MadMode

Dan Connolly's tinkering lab notebook

Ubuntu 5.10, archive.org, and .torrent files

I'm ready to say goodbye to my copy of Ubuntu 5.10 for i386 on CD, after nearly 2 decades of keeping it as a combination keepsake and software supply chain anchor. I donated it to archive.org:

Ubuntu 5.10

While brainstorming about Merkle trees for file access, I noticed that not only does archive.org OCR the PDF I gave them of the cover and support browsing of the contents of Ubuntu 5.10 i386.iso, but they provide ubuntu-5.10-pc_archive.torrent, which means I can have high-performance access to the the full contents of the CDs for just 29k of storage. And brave supports .torrent files natively with WebTorrent (WebTorrent Tutorial looks pretty straightforward.)

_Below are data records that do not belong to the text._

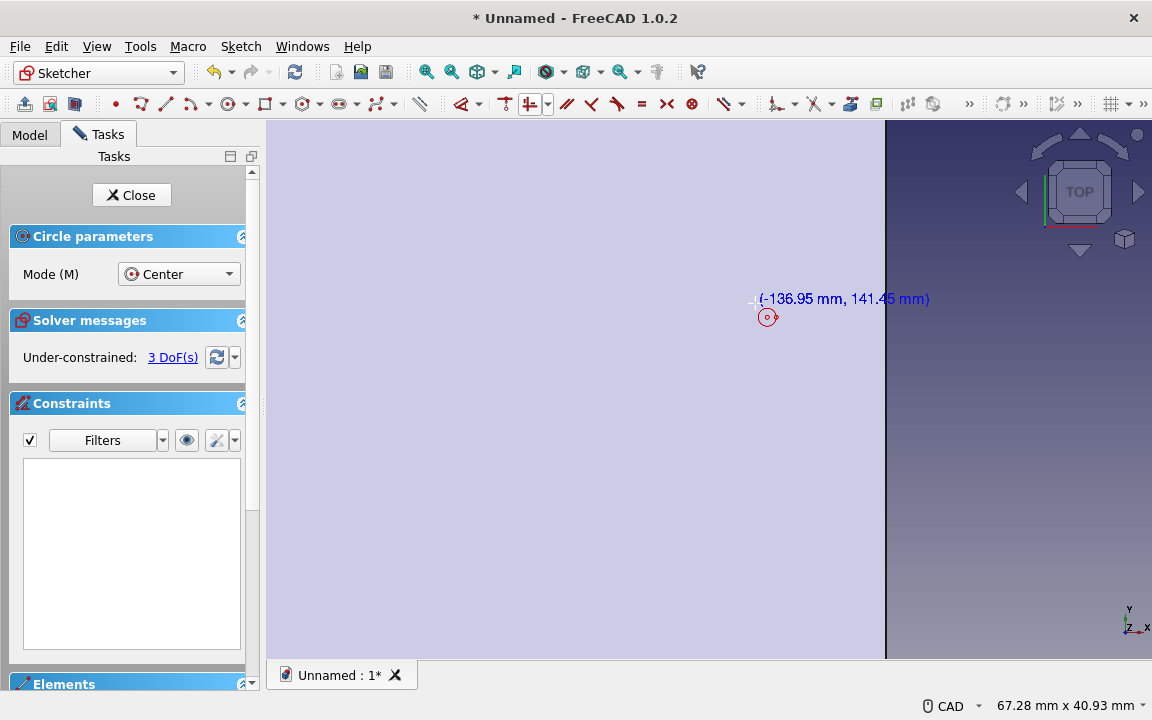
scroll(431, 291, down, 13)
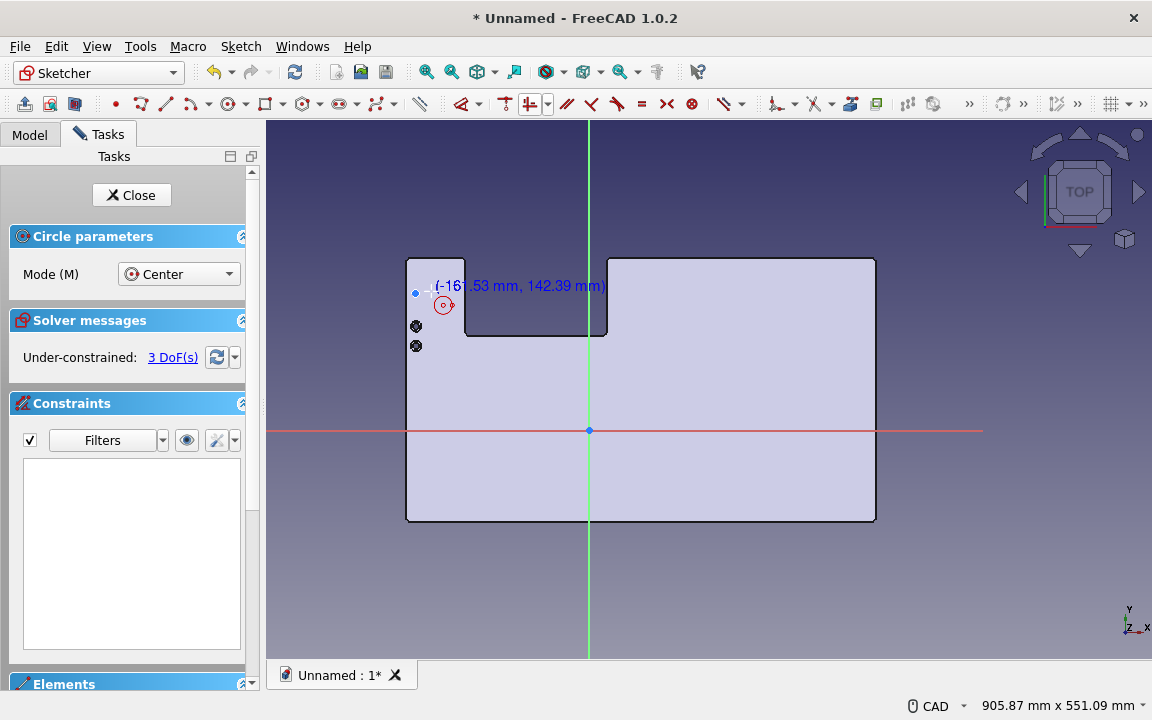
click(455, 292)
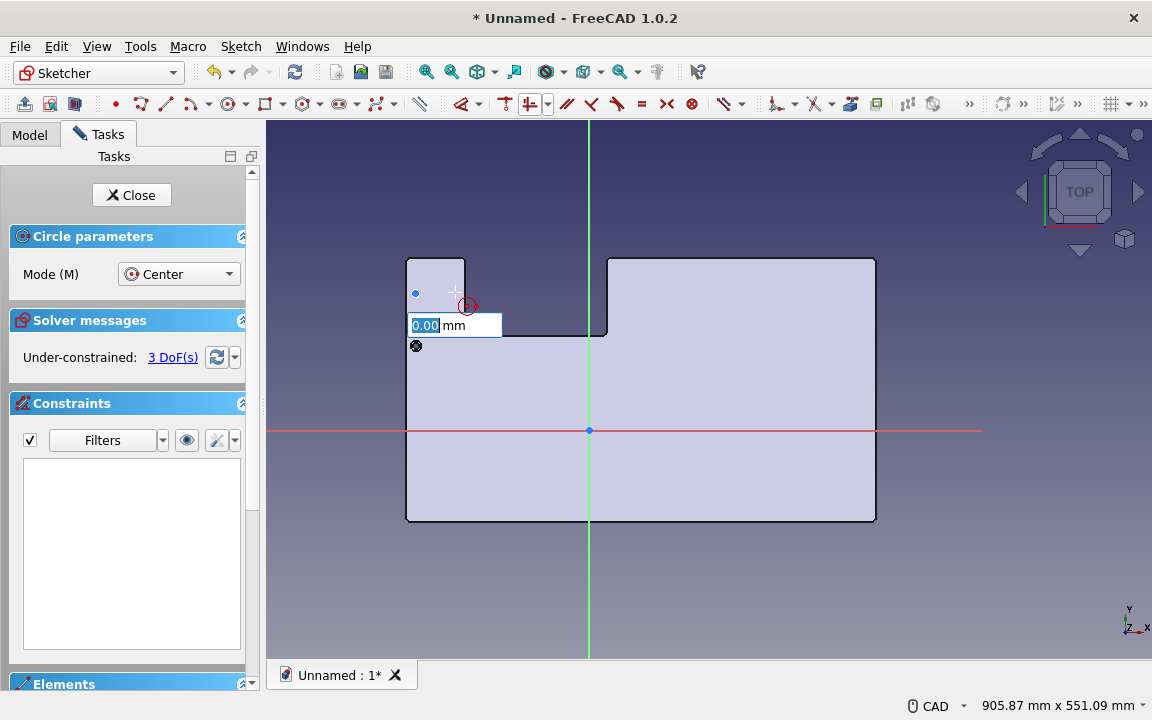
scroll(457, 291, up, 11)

But what's in that .torrent file? Aha! bencode from BEP 3! I've heard of it in OCapN discussion but didn't realize it comes from bittorrent. BitTorrent bencode format tools is really handy, including stopping in a debugger to see the details:

image

BCode.hs from haskell-torrent has a crisp specification:

-- | BCode represents the structure of a bencoded file
data BCode = BInt Integer                       -- ^ An integer
           | BString B.ByteString               -- ^ A string of bytes
           | BArray [BCode]                     -- ^ An array
           | BDict (M.Map B.ByteString BCode)   -- ^ A key, value map
  deriving (Show, Eq)

...

-- | Return the hash of the info-dict in a torrent file
hashInfoDict :: BCode -> IO Digest
hashInfoDict bc =
  do ih <- case info bc of
              Nothing -> fail "Could not find infoHash"
              Just x  -> return x
     let encoded = encode ih
     digest $ L.fromChunks $ [encoded]

Playing with parse-torrent in a parse-torrent-ubuntu-5.10 project on StackBlitz is handy in that it shows the infoHash, b890d2e1174a809d1cd0437de30400c542e0a939, but its JSON output misled me about the real structure: there is no infoHash key in the file; there's an info dictionary that gets hashed.

Say... Ubuntu offers bittorrent as a download option; maybe they keep a 5.10 .torrent file around? I didn't find one from them, but I did find:

Note the Source; yes, Internet Archive ingests BitTorrents.

Somehow my Ubuntu 5.10 i386.iso is 632,262 kb, which is 300 kb larger than theirs (631,962 kb). Maybe some unused space captured by gnome-disk-utility when I ripped the CD?